Com filhos, malas e carrinhos de bebê a reboque, eles aguardaram horas na pista de pouso sob o calor implacável, na esperança de um voo para a liberdade que não chegava. Mais de 200 afegãos de todos os setores e profissões —cozinheiros, jardineiros, tradutores, motoristas, jornalistas— se reuniram na pista do aeroporto de Cabul, buscando uma maneira de escapar de um país cujo governo desabara com rapidez chocante.

Quando forças do Talibã invadiram o aeroporto superlotado, o grupo —formado por funcionários locais de The New York Times, The Wall Street Journal e The Washington Post, além de seus familiares— ouviu disparos. As pessoas se dispersaram rapidamente e acabaram voltando para suas casas, onde sua segurança não era garantida.

Levaria vários dias até alguns integrantes do grupo conseguirem sair do Afeganistão, na última quinta-feira (19). A fuga furtiva se deu após um esforço global que se estendeu de Redações nos EUA e salões do Pentágono, chegando ao palácio do emir no Qatar. Um correspondente do NYT, antigo fuzileiro naval americano, que fora evacuado mas retornou para auxiliar seus colegas afegãos, permaneceu no aeroporto para ajudar a coordenar a fuga.

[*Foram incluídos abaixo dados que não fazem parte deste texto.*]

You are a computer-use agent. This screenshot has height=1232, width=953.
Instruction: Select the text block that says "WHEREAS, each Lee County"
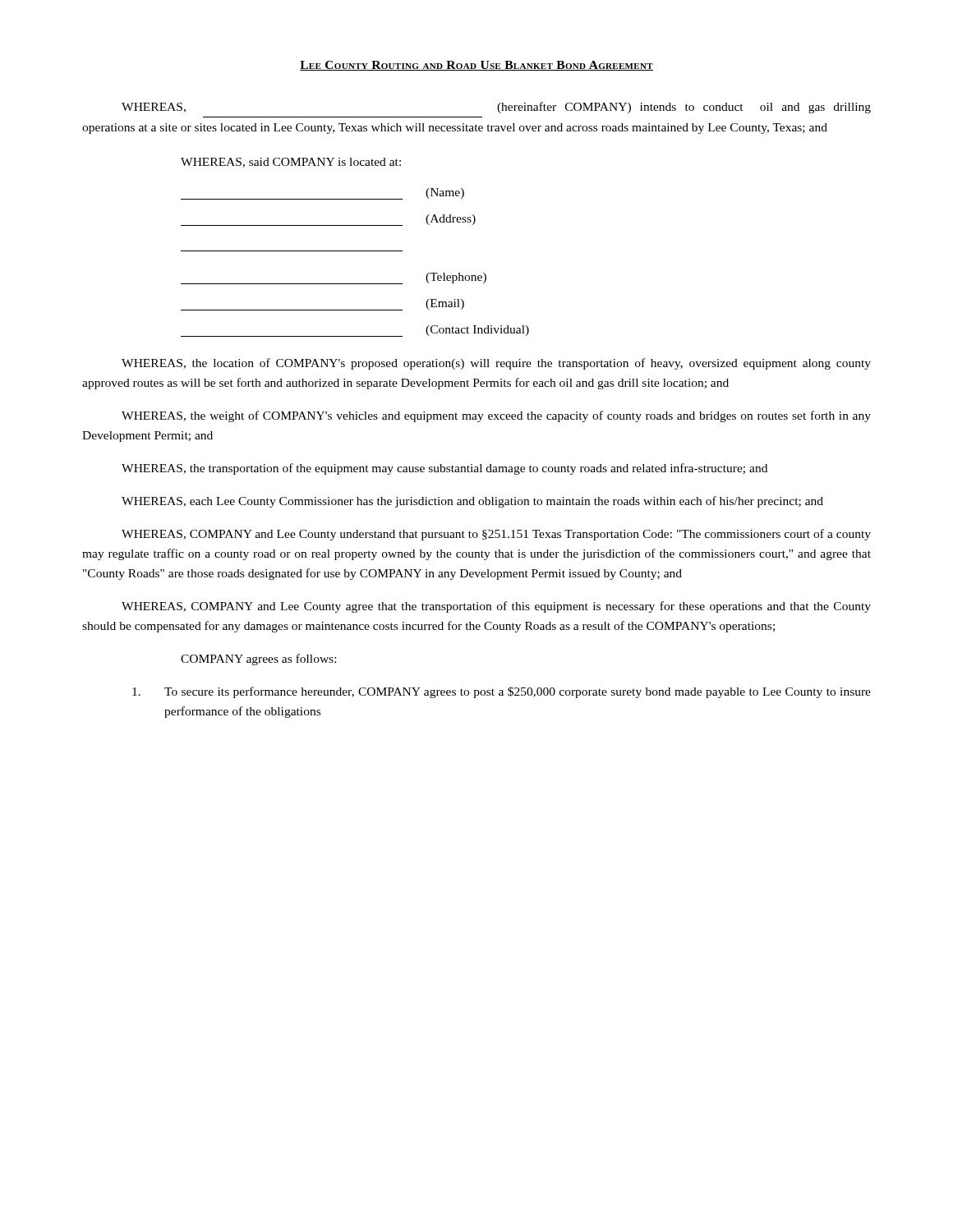click(x=472, y=501)
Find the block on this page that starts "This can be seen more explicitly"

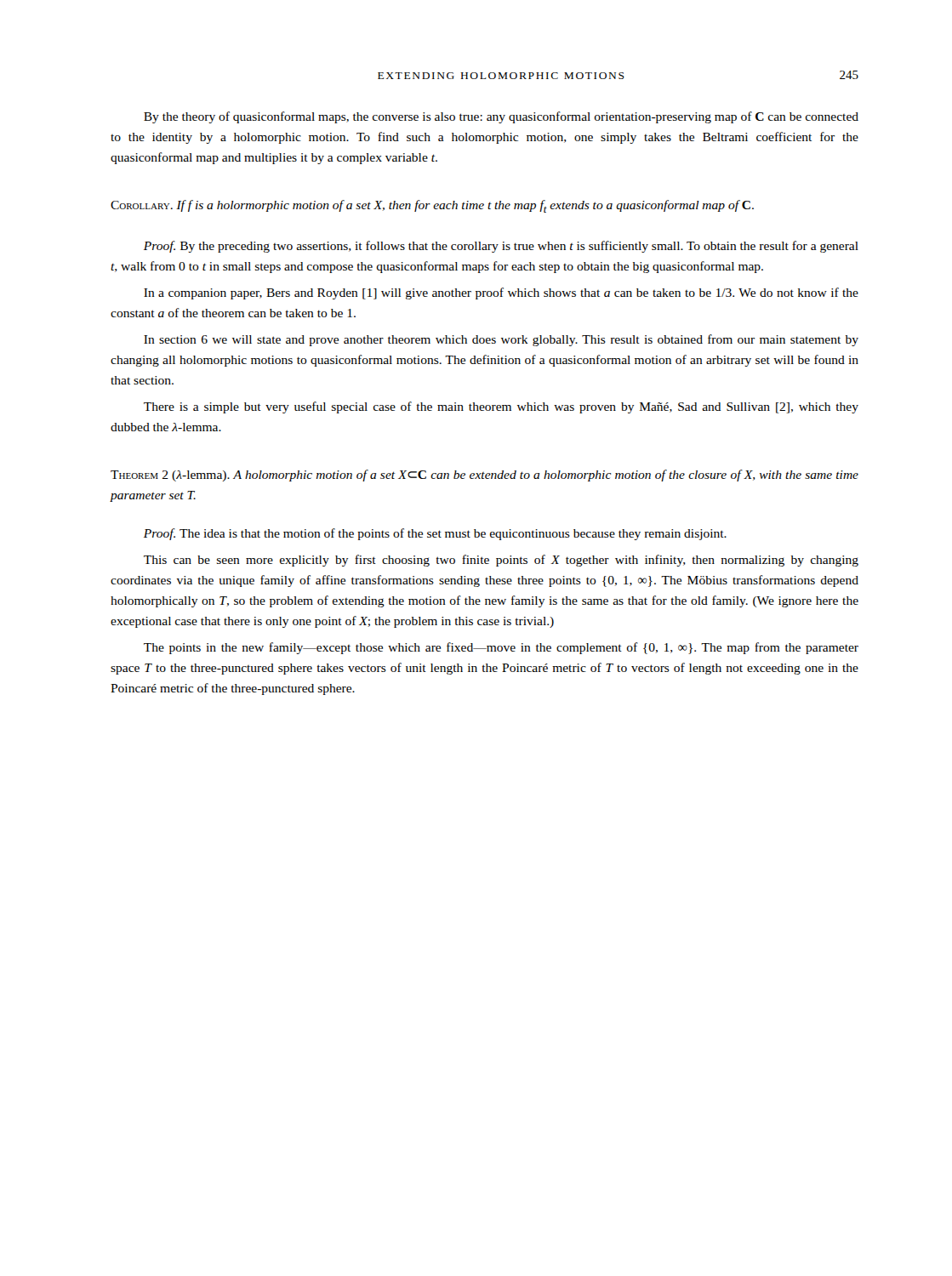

Multidão aglomerada do lado de fora do aeroporto de Cabul vê cargueiro militar decolar retirando pessoas do país nesta sexta (20) - Jim Huylebroek - 20.ago.21/The New York Times

Com a deterioração da situação no Afeganistão nos últimos dias, os publishers de NYT, WSJ e Washington Post uniram esforços para retirar seu pessoal. Funcionários de segurança e editores compartilharam informações em telefonemas matinais. Os publishers apelaram à administração Biden por ajuda, e seguiram-se discussões com a Casa Branca, o Pentágono e o Departamento de Estado.

No domingo (15), as sucursais já haviam sido fechadas, e a situação nas ruas de Cabul se tornara caótica. Enquanto tropas, funcionários terceirizados e equipes de segurança americanos deixavam o país, funcionários das Redações tinham cada vez menos informações sobre a situação em campo. Funcionários afegãos temiam que as forças do Talibã fossem de porta em porta, intimidando ou até sequestrando jornalistas que sabidamente haviam trabalhado para veículos americanos.

Os militares dos EUA haviam garantido a segurança em uma parte do aeroporto internacional Hamid Karzai, mas chegar a ele e ter acesso ao terminal tornou-se quase impossível. No domingo, o grupo de mais de 200 pessoas ligadas aos três jornais, incluindo funcionários e seus familiares, foi até a pista do aeroporto, na esperança de fazer contato com militares americanos. O relato é de três pessoas informadas sobre o que aconteceu, algumas das quais pediram anonimato.

Em vez disso, o grupo se deparou com um cenário de caos, com centenas de outros afegãos em pânico procurando refúgio. Quando chegaram forças do Talibã, a situação ficou ainda mais perigosa. Membros do grupo partiram, com sede, com fome, sem ânimo e sem uma ideia clara do que ocorreria a seguir.

Uma opção se delineou quando a ex-secretária de Estado Hillary Clinton ofereceu a funcionários afegãos alguns lugares em um voo fretado que sua equipe estava tentando organizar para ajudar mulheres afegãs em risco, segundo pessoas pessoas informadas sobre as discussões. Os funcionários acabaram não partindo no voo.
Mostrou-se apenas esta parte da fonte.